## Records for the exercise

------

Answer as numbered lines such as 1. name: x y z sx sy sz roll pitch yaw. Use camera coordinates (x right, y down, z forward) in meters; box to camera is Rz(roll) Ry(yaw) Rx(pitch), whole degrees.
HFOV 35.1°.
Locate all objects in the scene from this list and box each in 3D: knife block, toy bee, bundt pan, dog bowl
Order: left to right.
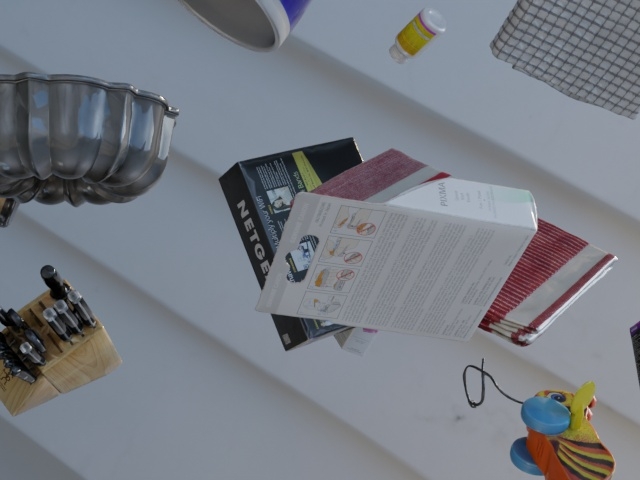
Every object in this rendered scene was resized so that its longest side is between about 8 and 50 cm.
1. bundt pan: -0.364 -0.125 1.410 0.331 0.330 0.124 33 57 -73
2. knife block: -0.324 0.110 1.313 0.242 0.088 0.275 -47 166 29
3. dog bowl: -0.143 -0.422 1.598 0.104 0.265 0.265 -54 162 -13
4. toy bee: 0.355 0.265 1.477 0.162 0.298 0.195 -4 140 -21

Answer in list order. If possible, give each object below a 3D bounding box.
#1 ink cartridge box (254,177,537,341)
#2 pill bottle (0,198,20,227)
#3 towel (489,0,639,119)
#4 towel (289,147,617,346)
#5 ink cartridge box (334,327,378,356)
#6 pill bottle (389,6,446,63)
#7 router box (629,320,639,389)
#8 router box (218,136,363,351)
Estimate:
1. ink cartridge box: 0.066 0.013 0.955 0.181 0.224 0.056 112 -16 -46
2. pill bottle: -0.616 -0.117 1.731 0.123 0.219 0.123 -61 -166 25
3. towel: 0.450 -0.355 1.666 0.121 0.283 0.235 -73 -173 -46
4. towel: 0.155 -0.003 1.194 0.237 0.329 0.037 -30 141 -47
5. ink cartridge box: 0.073 0.132 1.827 0.052 0.088 0.122 23 106 -28
6. pill bottle: 0.132 -0.280 1.397 0.083 0.043 0.043 -40 178 40
7. router box: 0.561 0.184 1.502 0.046 0.178 0.133 104 -15 -68
8. router box: 0.000 0.000 1.667 0.243 0.309 0.081 -15 169 -36
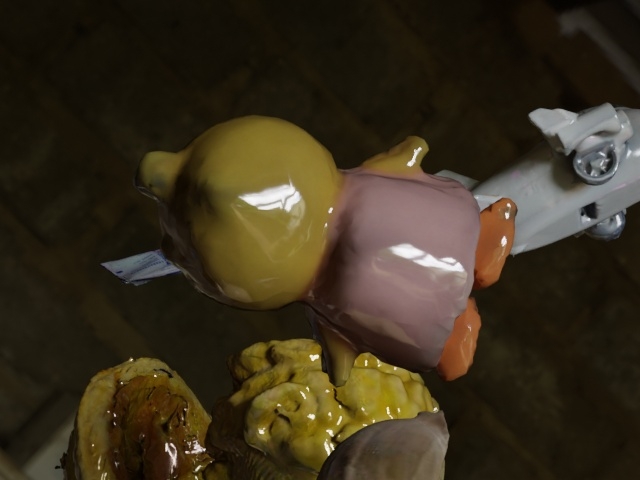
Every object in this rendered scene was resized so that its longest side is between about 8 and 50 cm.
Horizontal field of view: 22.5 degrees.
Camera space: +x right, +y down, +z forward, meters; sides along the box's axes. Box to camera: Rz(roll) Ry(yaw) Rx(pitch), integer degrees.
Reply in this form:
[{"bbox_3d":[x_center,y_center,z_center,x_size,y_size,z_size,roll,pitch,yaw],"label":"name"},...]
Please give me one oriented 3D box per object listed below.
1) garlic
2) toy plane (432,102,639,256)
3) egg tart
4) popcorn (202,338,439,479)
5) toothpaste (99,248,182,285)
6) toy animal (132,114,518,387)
[{"bbox_3d":[0.045,0.209,1.283,0.101,0.195,0.087,4,-58,10],"label":"garlic"},{"bbox_3d":[0.233,-0.063,1.564,0.245,0.244,0.117,70,-4,-63],"label":"toy plane"},{"bbox_3d":[-0.208,0.280,1.884,0.115,0.290,0.290,-19,-51,25],"label":"egg tart"},{"bbox_3d":[-0.009,0.202,1.624,0.250,0.250,0.190,43,29,-3],"label":"popcorn"},{"bbox_3d":[-0.124,0.016,1.512,0.045,0.170,0.028,34,-55,41],"label":"toothpaste"},{"bbox_3d":[-0.002,-0.001,1.173,0.281,0.195,0.169,20,-2,-3],"label":"toy animal"}]
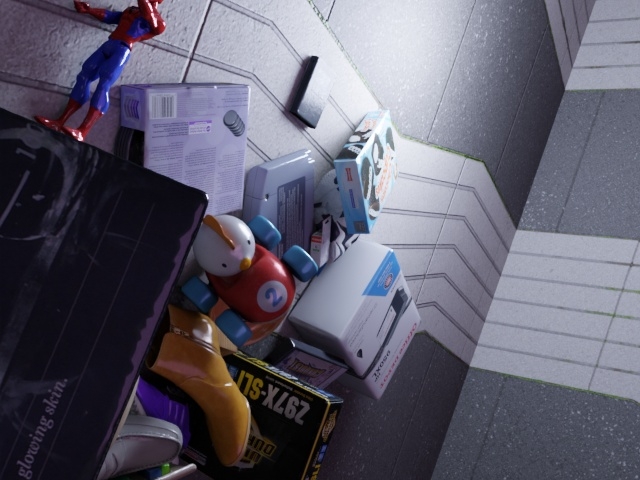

------

## Work task
Would you please transcribe the lines above exactly, starting with the first line of the material and ending with the line that has "Order: left to right."?

## Reply to the exercise
Answer as numbered lines such as 1. name: x y z sx sy sz roll pitch yaw. Use camera coordinates (x right, y down, z forward) in meters; box to camera is Rz(roll) Ry(yaw) Rx(pitch), whole degrees.
HFOV 35.1°.
Locate all objects in the scene from this list and box each in 3D: knife block, toy bee, bundt pan, dog bowl
Order: left to right.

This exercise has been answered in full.